Hal lain yang turut hadir di Amerika Serikat adalah model monetisasi yang bersifat disruptif. Berbeda dengan serial TV tradisional Amerika yang mengandalkan langganan kabel atau kesepakatan streaming untuk satu musim penuh, drama mikro menawarkan beberapa episode awal secara gratis dan mengenakan biaya per episode untuk membuka akses ke episode selanjutnya. Siklus produksi yang lebih singkat, dipadukan dengan umpan balik data secara real-time, memungkinkan para kreator untuk melakukan penyesuaian dengan cepat.
"(Model produksi drama pendek) ini seolah menemukan titik tengah antara anggaran rendah dan anggaran tinggi, serta menciptakan ruang yang tepat untuk menyeimbangkan berbagai aspek tersebut. Menurut saya, ini adalah jembatan yang sangat baik bagi mereka yang ingin menggarap proyek berskala lebih besar. Dengan anggaran terbatas seperti ini, Anda bisa belajar banyak hal dengan sangat cepat mengenai apa yang sebenarnya Anda inginkan dan butuhkan," ujar McKenzie.
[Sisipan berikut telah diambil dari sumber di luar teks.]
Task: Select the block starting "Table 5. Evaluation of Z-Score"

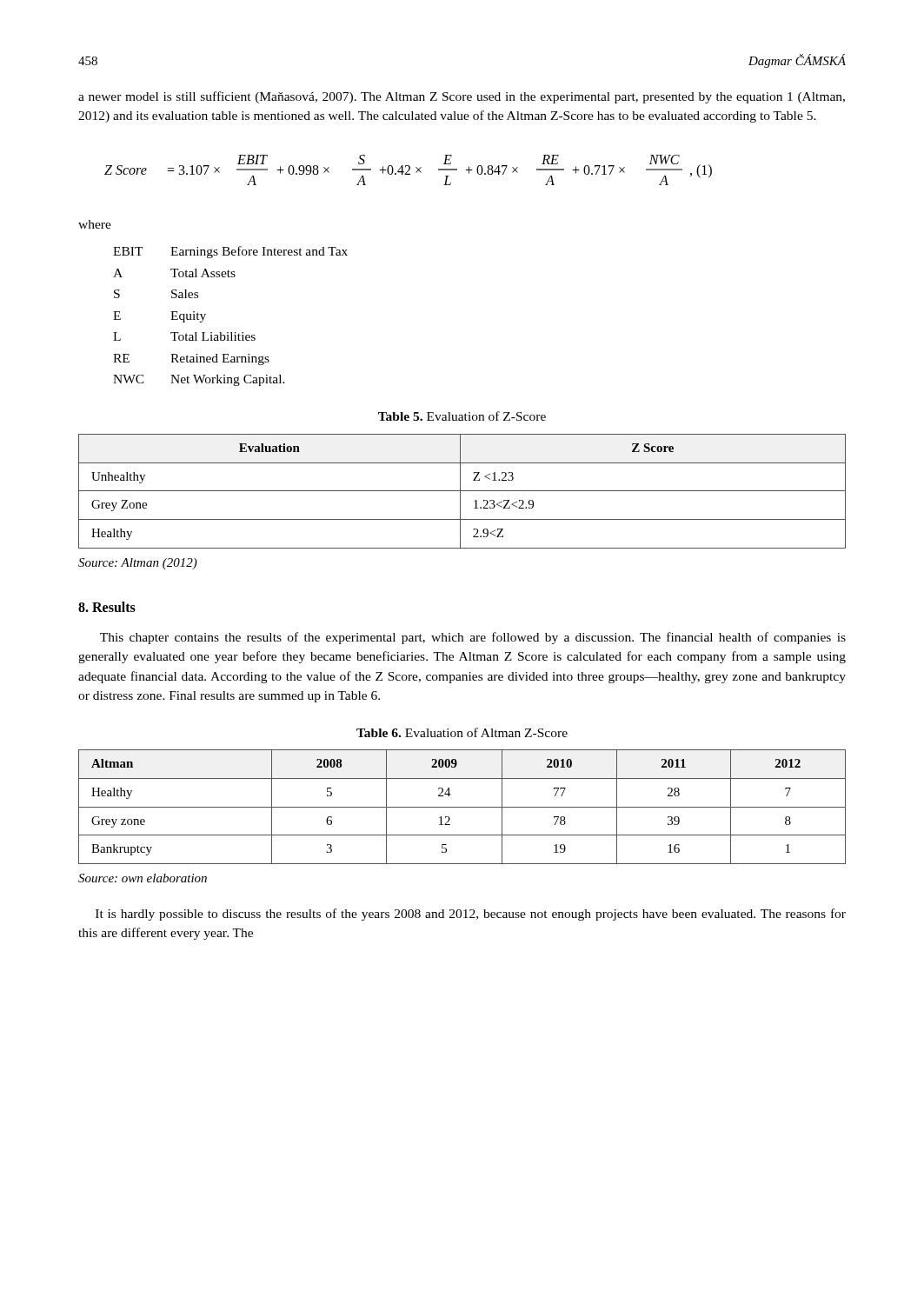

Data riset pasar menunjukkan bahwa jumlah pengguna aktif bulanan konten drama berdurasi pendek di Amerika Serikat melonjak dari 26 juta pada tahun 2024 menjadi 66 juta pada tahun 2025. Sektor ini diperkirakan akan menghasilkan pendapatan sekitar 1,5 miliar dolar AS (sekitar 26,32 triliun rupiah) pada tahun 2026, dengan angka tersebut diproyeksikan mendekati 2 miliar dolar AS (sekitar 35,1 triliun rupiah) pada tahun berikutnya.
Studio-studio Hollywood tradisional pun mulai melirik tren ini. Fox Entertainment telah menjalin kemitraan dengan sebuah perusahaan drama pendek untuk merencanakan lebih dari 200 proyek konten layar vertikal. Alur kerja produksi yang terindustrialisasi dan model bisnis yang telah disempurnakan di Tiongkok kini mulai berkembang di luar negeri. Seiring dengan meningkatnya kebutuhan akan efisiensi dan pengendalian biaya, kecerdasan buatan (AI) semakin banyak dilibatkan dalam proses tersebut, sehingga mendorong gelombang ekspansi ini lebih jauh ke dalam ranah kreatif.